Former First Lady and American icon, Jackie Kennedy is remembered for her grace, sophistication, and discreetness. A new book published this week chronicles her surprisingly candid 1964 interview with former White House aide Arthur M. Schlesinger Jr. in which she shows a side of herself that the American public has never seen.
News surrounding the new book, featuring over eight hours of recorded interviews, has focused mainly on the people Jackie did not like or did not think President John F. Kennedy approved of.
She described White House speechwriter Theodore Sorensen as having “a big inferiority complex,” and that he was “the last person you would invite at night.” Jackie considered Martin Luther King Jr. to be a “phony” saying, “I just can’t see a picture of Martin Luther King without thinking, you know, that man’s terrible.” She referred to Charles de Gaulle as “that spiteful man” and “that egomaniac”. Indira Gandhi, the future prime minister of India, was a “bitter, kind of pushy, horrible woman.”
She, perhaps, had the hardest words for Lyndon B. Johnson, JFK’s vice president, labeling his wife as a “trained hunting dog” and expressing her discomfort of his Presidency. JFK and LBJ competed bitterly in 1960 for the Democratic Party nomination and did not share a friendly relationship once in office. “Jack said it to me sometimes. He said, ‘Oh, God, can you ever imagine what would happen to the country if Lyndon were president?” she remembers. “And Bobby told me that he’d had some discussions with him…do something to name someone else in 1968.”

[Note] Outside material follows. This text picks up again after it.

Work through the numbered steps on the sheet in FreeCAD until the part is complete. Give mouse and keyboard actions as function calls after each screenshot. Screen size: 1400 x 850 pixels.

Most surprising is Jacqueline’s critical assessment of the Kennedy family. She admonished the notion that the deceased eldest Kennedy son, Joseph, would have become President had he not been killed in World War II. “He would have been so unimaginative, compared to Jack,” she said. Jackie also contrasted the character differences between Robert F. Kennedy and his sister, Eunice. Robert Kennedy was uncomfortable with his appointment as Attorney General and had begged JFK to rescind it for fear of claims of nepotism. However, Eunice was all too eager to see Sargent Shriver appointed to the head of the department of Health, Education, and Welfare.

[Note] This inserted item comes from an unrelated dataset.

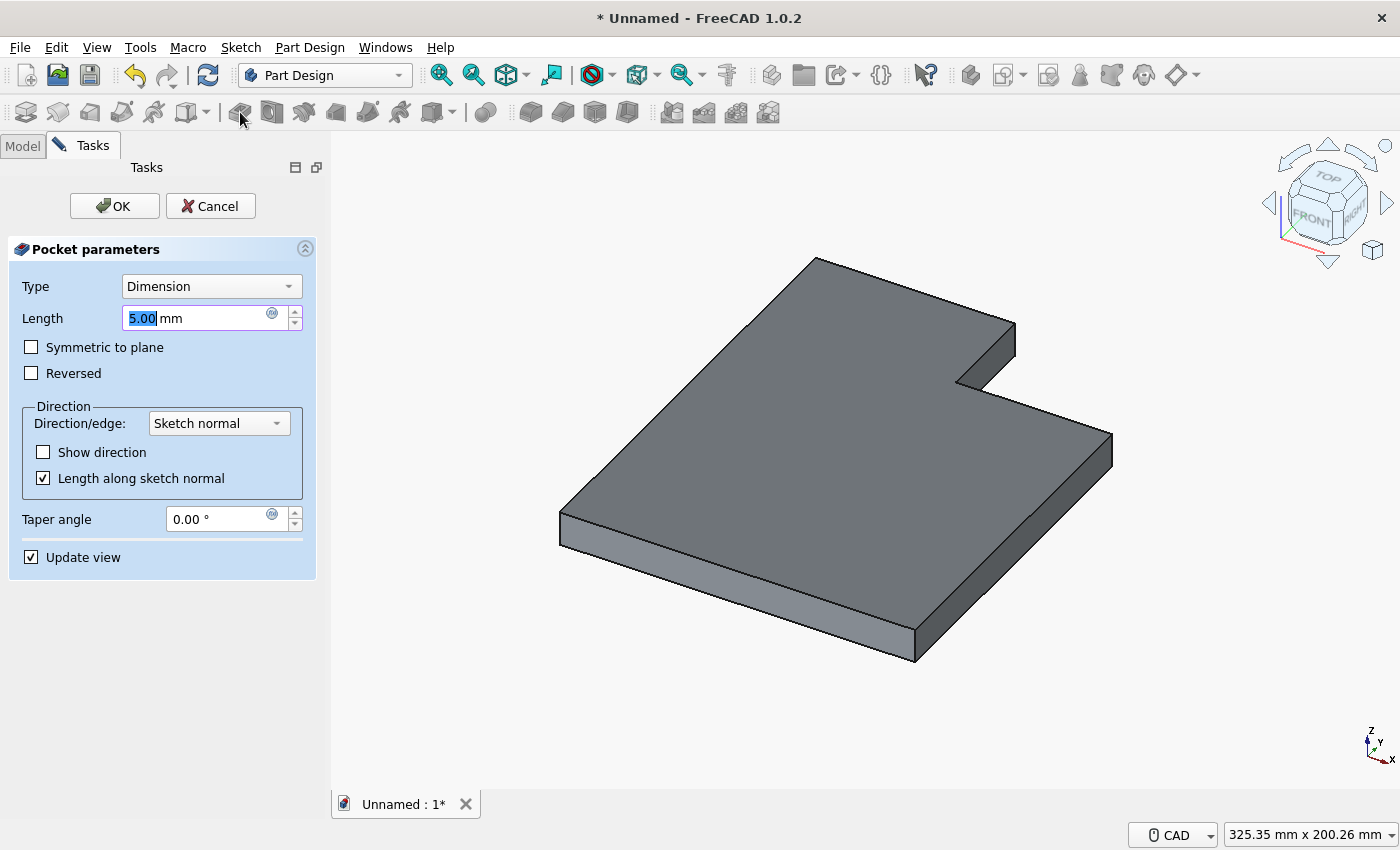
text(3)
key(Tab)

“Eunice was pestering Jack to death to make Sargent head of HEW because she wanted to be a cabinet wife,” She tells. “You know, it shows you that some people are ambitious for themselves and Bobby wasn’t.
Jacqueline speaks warmly of her husband throughout the interview. Knowledge of Kennedy’s extra-marital affairs and severe health issues were not yet public and there is very little mention of his assassination. She highlights the domestic side of their relationship and details Jack’s fondness of his children and the nature of their relationship.
“Jack so obviously demanded from a woman—a relationship between a man and a woman where a man would be the leader and a woman be his wife and look up to him as man,” she said.
The President was aware of Jacqueline’s opinions regarding political leaders and tried to persuade her otherwise. “Jack was so sweet. He sort of rubbed my back…and said, ‘You mustn’t say that, you mustn’t say that,’” she remembered. “If you start to say or think that you hate someone, then the next day you’ll act as if you hated him.”
Jackie’s eight hour interview with Arthur M. Schlesinger highlights her eternal love and devotion to her husband. She considered him to be exceedingly intelligent, romantic, and a doting father.
“If anything happens, we’re all going to stay right here with you,” she told her husband during the Cuban Missile Crisis scare. “Even if there’s not room in the bomb shelter in the White House…I just want to be with you, and I want to die with you, and the children do, too—than live without you.”
The book, Jacqueline Kennedy: Historic Conversations on Life With John F. Kennedy, went on sale Sept. 14, 2011 as a part of an ongoing celebration of the 50th anniversary of John F. Kennedy’s first year in office.